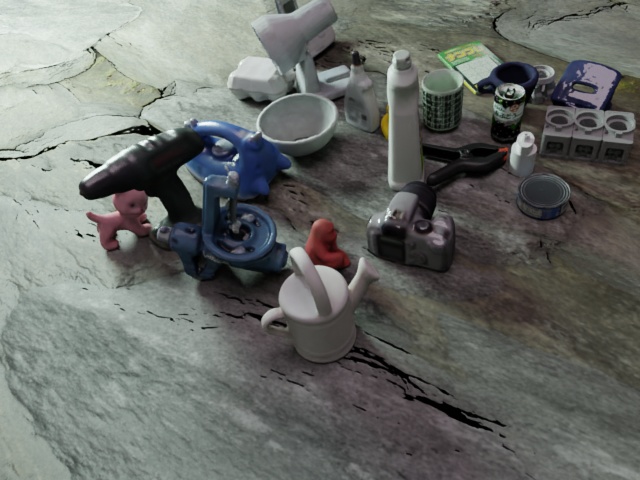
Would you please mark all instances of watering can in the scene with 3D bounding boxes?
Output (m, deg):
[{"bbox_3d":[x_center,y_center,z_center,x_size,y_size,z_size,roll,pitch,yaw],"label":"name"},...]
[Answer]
[{"bbox_3d":[-0.001,0.080,0.817,0.100,0.194,0.173,34,62,33],"label":"watering can"}]

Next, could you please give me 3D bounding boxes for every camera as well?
[{"bbox_3d":[0.162,-0.037,0.953,0.142,0.101,0.137,14,53,22],"label":"camera"}]

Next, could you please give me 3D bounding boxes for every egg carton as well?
[{"bbox_3d":[-0.133,-0.368,1.318,0.150,0.069,0.107,11,52,20],"label":"egg carton"}]

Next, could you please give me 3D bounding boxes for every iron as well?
[{"bbox_3d":[-0.191,-0.179,1.115,0.257,0.142,0.119,19,55,25],"label":"iron"}]

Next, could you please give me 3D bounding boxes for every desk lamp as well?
[{"bbox_3d":[-0.030,-0.405,1.235,0.203,0.214,0.117,-22,49,-9],"label":"desk lamp"}]

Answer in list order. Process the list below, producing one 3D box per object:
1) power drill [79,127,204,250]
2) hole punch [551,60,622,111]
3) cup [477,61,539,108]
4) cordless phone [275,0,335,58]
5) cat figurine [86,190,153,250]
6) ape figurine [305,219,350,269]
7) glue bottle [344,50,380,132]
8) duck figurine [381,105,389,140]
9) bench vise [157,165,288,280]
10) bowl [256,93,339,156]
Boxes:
[{"bbox_3d":[-0.286,-0.085,1.004,0.075,0.209,0.230,27,58,29],"label":"power drill"},{"bbox_3d":[0.514,-0.283,1.112,0.108,0.091,0.101,27,59,29],"label":"hole punch"},{"bbox_3d":[0.370,-0.290,1.141,0.117,0.095,0.091,-11,48,1],"label":"cup"},{"bbox_3d":[-0.043,-0.532,1.368,0.093,0.185,0.148,28,59,30],"label":"cordless phone"},{"bbox_3d":[-0.365,-0.058,1.056,0.128,0.118,0.067,-26,50,-13],"label":"cat figurine"},{"bbox_3d":[0.009,0.003,0.951,0.076,0.092,0.078,-3,49,8],"label":"ape figurine"},{"bbox_3d":[0.080,-0.301,1.151,0.078,0.173,0.037,32,61,32],"label":"glue bottle"},{"bbox_3d":[0.160,-0.258,1.158,0.077,0.086,0.104,1,49,12],"label":"duck figurine"},{"bbox_3d":[-0.168,-0.016,0.915,0.207,0.220,0.121,-13,48,-1],"label":"bench vise"},{"bbox_3d":[-0.041,-0.223,1.171,0.167,0.075,0.167,-5,48,6],"label":"bowl"}]
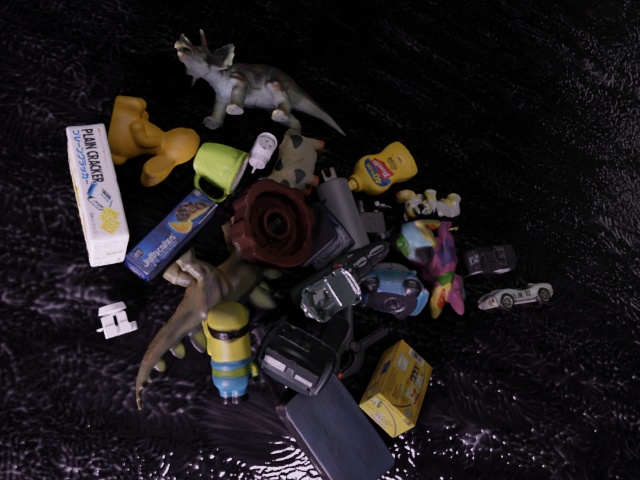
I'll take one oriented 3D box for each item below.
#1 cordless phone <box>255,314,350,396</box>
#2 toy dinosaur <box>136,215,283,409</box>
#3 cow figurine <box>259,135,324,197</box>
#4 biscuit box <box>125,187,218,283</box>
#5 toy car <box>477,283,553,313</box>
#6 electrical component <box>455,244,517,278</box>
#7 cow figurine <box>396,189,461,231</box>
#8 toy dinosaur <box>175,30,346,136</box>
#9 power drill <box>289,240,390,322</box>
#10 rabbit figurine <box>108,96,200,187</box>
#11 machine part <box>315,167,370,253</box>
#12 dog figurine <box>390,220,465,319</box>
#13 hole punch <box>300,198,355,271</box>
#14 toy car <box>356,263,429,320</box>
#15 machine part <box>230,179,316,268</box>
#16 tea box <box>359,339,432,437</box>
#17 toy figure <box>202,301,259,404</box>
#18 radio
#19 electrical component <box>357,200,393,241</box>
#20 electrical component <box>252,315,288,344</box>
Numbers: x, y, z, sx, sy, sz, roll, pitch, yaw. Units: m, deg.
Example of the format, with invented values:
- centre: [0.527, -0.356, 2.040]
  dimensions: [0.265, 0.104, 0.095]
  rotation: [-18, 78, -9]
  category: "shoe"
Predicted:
- centre: [-0.025, 0.192, 1.034]
  dimensions: [0.147, 0.088, 0.184]
  rotation: [28, 46, 6]
  category: "cordless phone"
- centre: [-0.199, 0.101, 1.029]
  dimensions: [0.471, 0.105, 0.198]
  rotation: [-43, 94, -24]
  category: "toy dinosaur"
- centre: [-0.069, -0.145, 1.176]
  dimensions: [0.127, 0.085, 0.195]
  rotation: [17, 64, -14]
  category: "cow figurine"
- centre: [-0.290, -0.011, 1.052]
  dimensions: [0.059, 0.063, 0.203]
  rotation: [40, 62, -3]
  category: "biscuit box"
- centre: [0.473, 0.139, 1.300]
  dimensions: [0.202, 0.073, 0.056]
  rotation: [-5, 77, -24]
  category: "toy car"
- centre: [0.395, 0.052, 1.276]
  dimensions: [0.134, 0.115, 0.058]
  rotation: [-3, 78, -23]
  category: "electrical component"
- centre: [0.258, -0.069, 1.293]
  dimensions: [0.167, 0.068, 0.098]
  rotation: [6, 76, -19]
  category: "cow figurine"
- centre: [-0.136, -0.337, 1.205]
  dimensions: [0.405, 0.131, 0.192]
  rotation: [8, 70, -26]
  category: "toy dinosaur"
- centre: [0.040, 0.075, 1.048]
  dimensions: [0.232, 0.207, 0.086]
  rotation: [-31, 100, 8]
  category: "power drill"
- centre: [-0.328, -0.193, 1.069]
  dimensions: [0.173, 0.122, 0.162]
  rotation: [9, 74, -20]
  category: "rabbit figurine"
- centre: [0.050, -0.048, 1.194]
  dimensions: [0.079, 0.079, 0.243]
  rotation: [-13, 79, -25]
  category: "machine part"
- centre: [0.254, 0.068, 1.211]
  dimensions: [0.191, 0.108, 0.219]
  rotation: [0, 75, -47]
  category: "dog figurine"
- centre: [-0.002, -0.003, 1.135]
  dimensions: [0.092, 0.142, 0.116]
  rotation: [23, 30, -51]
  category: "hole punch"
- centre: [0.152, 0.101, 1.178]
  dimensions: [0.162, 0.109, 0.103]
  rotation: [10, 44, -3]
  category: "toy car"
- centre: [-0.090, -0.029, 1.044]
  dimensions: [0.179, 0.056, 0.179]
  rotation: [10, 72, -34]
  category: "machine part"
- centre: [0.157, 0.296, 1.087]
  dimensions: [0.098, 0.068, 0.170]
  rotation: [44, 37, -2]
  category: "tea box"
- centre: [-0.153, 0.197, 0.943]
  dimensions: [0.082, 0.089, 0.180]
  rotation: [-4, 90, -29]
  category: "toy figure"
- centre: [0.027, 0.374, 1.040]
  dimensions: [0.131, 0.073, 0.229]
  rotation: [-34, 85, -27]
  category: "radio"
- centre: [0.127, -0.043, 1.241]
  dimensions: [0.078, 0.045, 0.102]
  rotation: [6, 70, -22]
  category: "electrical component"
- centre: [-0.080, 0.217, 1.065]
  dimensions: [0.075, 0.048, 0.119]
  rotation: [-16, 77, -25]
  category: "electrical component"
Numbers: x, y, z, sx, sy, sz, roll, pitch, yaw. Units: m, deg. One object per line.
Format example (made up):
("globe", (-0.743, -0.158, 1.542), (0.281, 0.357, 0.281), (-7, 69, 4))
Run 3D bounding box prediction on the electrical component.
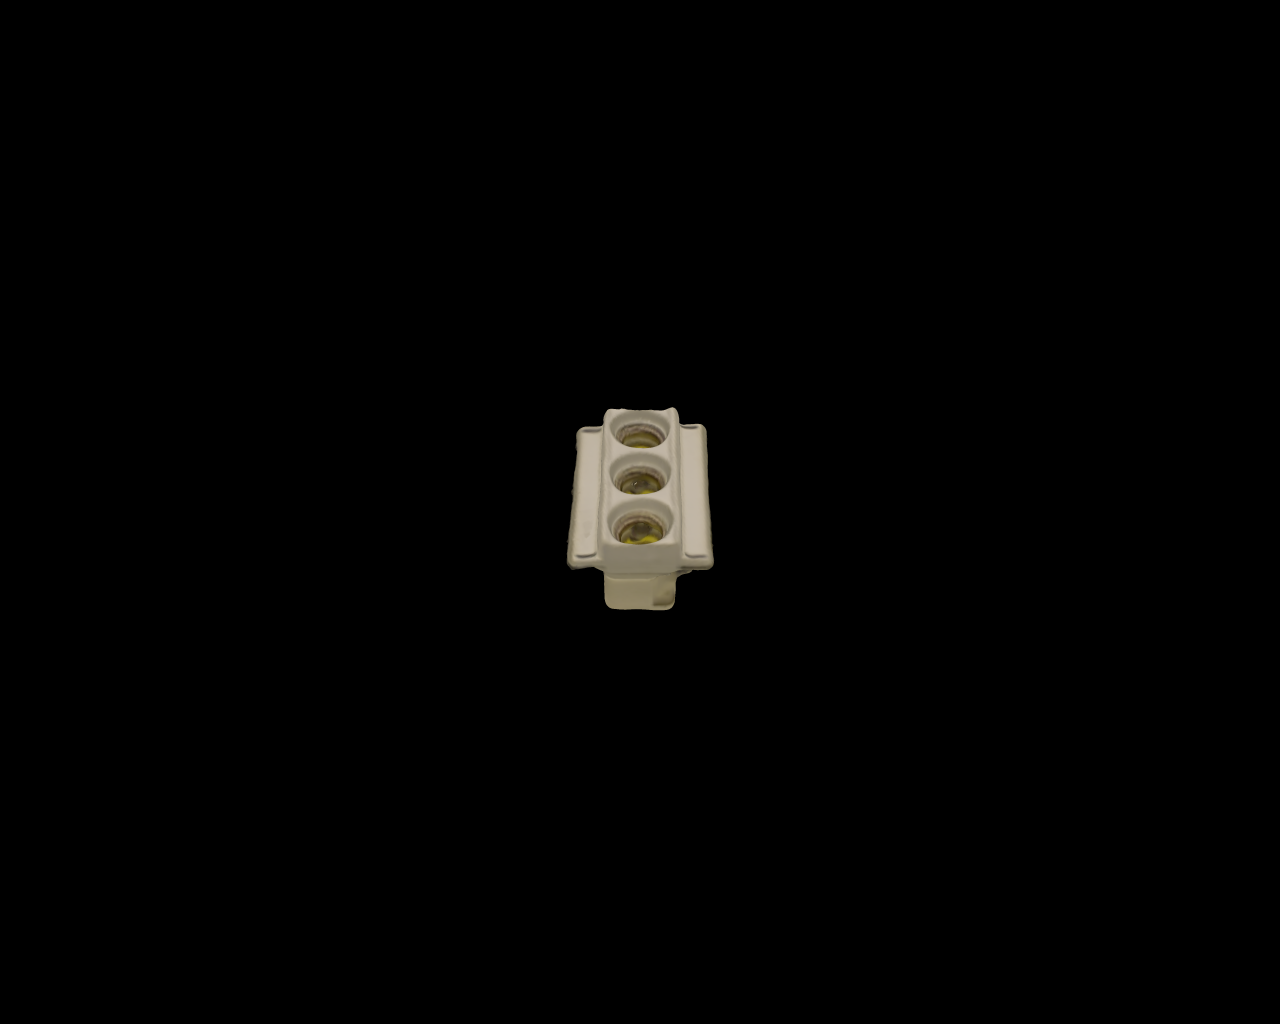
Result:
("electrical component", (0.001, -0.003, 0.650), (0.079, 0.063, 0.121), (0, 44, 0))
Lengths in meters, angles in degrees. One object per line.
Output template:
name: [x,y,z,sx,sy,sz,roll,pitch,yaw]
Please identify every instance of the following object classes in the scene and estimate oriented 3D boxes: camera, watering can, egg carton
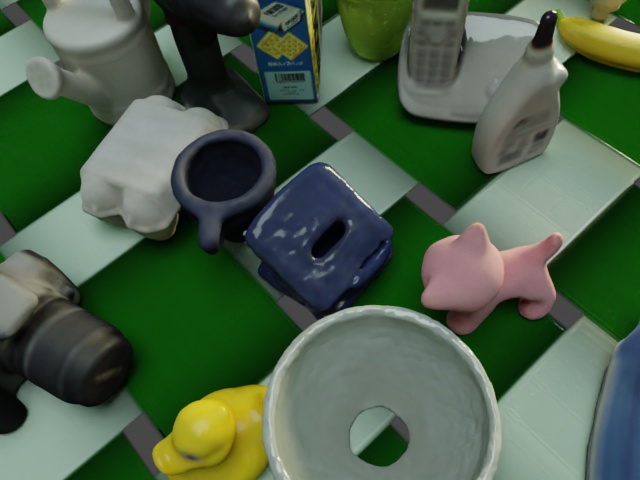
camera: [-0.236,0.090,0.463,0.136,0.101,0.143,23,65,17]
watering can: [-0.224,-0.208,0.575,0.101,0.194,0.173,-4,60,3]
egg carton: [-0.162,-0.074,0.567,0.107,0.069,0.150,19,64,15]

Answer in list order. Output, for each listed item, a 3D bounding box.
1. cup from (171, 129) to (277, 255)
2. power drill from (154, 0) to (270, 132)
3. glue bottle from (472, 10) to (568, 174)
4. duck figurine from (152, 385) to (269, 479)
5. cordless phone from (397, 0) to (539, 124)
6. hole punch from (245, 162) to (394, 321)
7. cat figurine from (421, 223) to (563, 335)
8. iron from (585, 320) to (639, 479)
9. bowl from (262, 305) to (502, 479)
cup: [-0.081,-0.027,0.519,0.091,0.095,0.118,3,61,7]
power drill: [-0.112,-0.197,0.551,0.076,0.208,0.229,-36,64,-14]
glue bottle: [0.183,-0.130,0.509,0.078,0.173,0.037,-21,61,-7]
duck figurine: [-0.076,0.143,0.428,0.105,0.086,0.077,-31,63,-12]
cordless phone: [0.150,-0.200,0.544,0.147,0.185,0.094,5,61,8]
hole punch: [0.005,0.002,0.497,0.101,0.091,0.109,34,69,21]
cat figurine: [0.133,0.025,0.458,0.128,0.118,0.067,-15,60,-4]
iron: [0.249,0.150,0.364,0.118,0.141,0.258,19,64,15]
bowl: [0.043,0.138,0.427,0.167,0.075,0.167,-2,61,4]
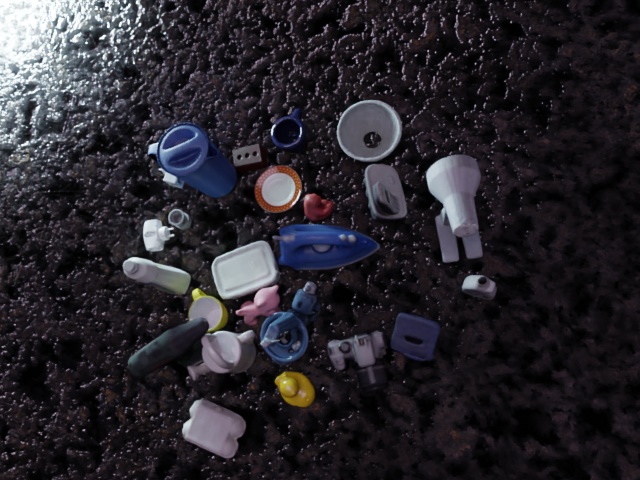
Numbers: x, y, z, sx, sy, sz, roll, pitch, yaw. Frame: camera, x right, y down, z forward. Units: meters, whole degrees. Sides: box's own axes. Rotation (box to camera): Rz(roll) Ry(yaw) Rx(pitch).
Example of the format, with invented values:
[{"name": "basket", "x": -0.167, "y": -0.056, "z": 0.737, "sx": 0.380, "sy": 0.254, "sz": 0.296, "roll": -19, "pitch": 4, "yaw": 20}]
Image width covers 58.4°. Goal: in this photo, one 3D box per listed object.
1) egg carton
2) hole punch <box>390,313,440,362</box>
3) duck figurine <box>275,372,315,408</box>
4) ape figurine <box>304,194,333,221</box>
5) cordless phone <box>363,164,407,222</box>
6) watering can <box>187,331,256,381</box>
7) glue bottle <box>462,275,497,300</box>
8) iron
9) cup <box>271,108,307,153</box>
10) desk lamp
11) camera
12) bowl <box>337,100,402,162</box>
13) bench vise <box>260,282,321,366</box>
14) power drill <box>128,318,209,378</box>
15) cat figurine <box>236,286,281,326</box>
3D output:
[{"name": "egg carton", "x": -0.258, "y": 0.459, "z": 1.398, "sx": 0.150, "sy": 0.069, "sz": 0.107, "roll": 17, "pitch": 82, "yaw": 15}, {"name": "hole punch", "x": 0.225, "y": 0.229, "z": 1.341, "sx": 0.108, "sy": 0.091, "sz": 0.101, "roll": 15, "pitch": 81, "yaw": 14}, {"name": "duck figurine", "x": -0.064, "y": 0.359, "z": 1.373, "sx": 0.104, "sy": 0.086, "sz": 0.077, "roll": 34, "pitch": 86, "yaw": 16}, {"name": "ape figurine", "x": -0.012, "y": -0.090, "z": 1.458, "sx": 0.076, "sy": 0.092, "sz": 0.077, "roll": -41, "pitch": 73, "yaw": 0}, {"name": "cordless phone", "x": 0.151, "y": -0.127, "z": 1.385, "sx": 0.094, "sy": 0.185, "sz": 0.147, "roll": -17, "pitch": 75, "yaw": 8}, {"name": "watering can", "x": -0.234, "y": 0.275, "z": 1.369, "sx": 0.100, "sy": 0.194, "sz": 0.173, "roll": 32, "pitch": 86, "yaw": 16}, {"name": "glue bottle", "x": 0.365, "y": 0.102, "z": 1.298, "sx": 0.078, "sy": 0.173, "sz": 0.037, "roll": 18, "pitch": 82, "yaw": 15}, {"name": "iron", "x": 0.013, "y": 0.005, "z": 1.406, "sx": 0.258, "sy": 0.141, "sz": 0.119, "roll": -2, "pitch": 77, "yaw": 11}, {"name": "cup", "x": -0.069, "y": -0.280, "z": 1.510, "sx": 0.091, "sy": 0.095, "sz": 0.118, "roll": 19, "pitch": 82, "yaw": 15}, {"name": "desk lamp", "x": 0.321, "y": -0.069, "z": 1.323, "sx": 0.117, "sy": 0.214, "sz": 0.203, "roll": -11, "pitch": 76, "yaw": 9}, {"name": "camera", "x": 0.098, "y": 0.292, "z": 1.347, "sx": 0.143, "sy": 0.101, "sz": 0.137, "roll": -15, "pitch": 75, "yaw": 8}, {"name": "bowl", "x": 0.131, "y": -0.270, "z": 1.478, "sx": 0.167, "sy": 0.075, "sz": 0.167, "roll": -2, "pitch": 77, "yaw": 11}, {"name": "bench vise", "x": -0.082, "y": 0.191, "z": 1.343, "sx": 0.121, "sy": 0.220, "sz": 0.207, "roll": 7, "pitch": 79, "yaw": 13}, {"name": "power drill", "x": -0.335, "y": 0.258, "z": 1.386, "sx": 0.229, "sy": 0.209, "sz": 0.075, "roll": -30, "pitch": 73, "yaw": 4}, {"name": "cat figurine", "x": -0.147, "y": 0.161, "z": 1.416, "sx": 0.127, "sy": 0.118, "sz": 0.067, "roll": -22, "pitch": 74, "yaw": 6}]

_ _ _ _ _

What lines in the material above hold the word "Units"? Pull them out.

Numbers: x, y, z, sx, sy, sz, roll, pitch, yaw. Units: m, deg.
Numbers: x, y, z, sx, sy, sz, roll, pitch, yaw. Units: m, deg. One object per line.
Numbers: x, y, z, sx, sy, sz, roll, pitch, yaw. Frame: camera, x right, y down, z forward. Units: meters, whole degrees. Sides: box's own axes. Rotation (box to camera): Rz(roll) Ry(yaw) Rx(pitch).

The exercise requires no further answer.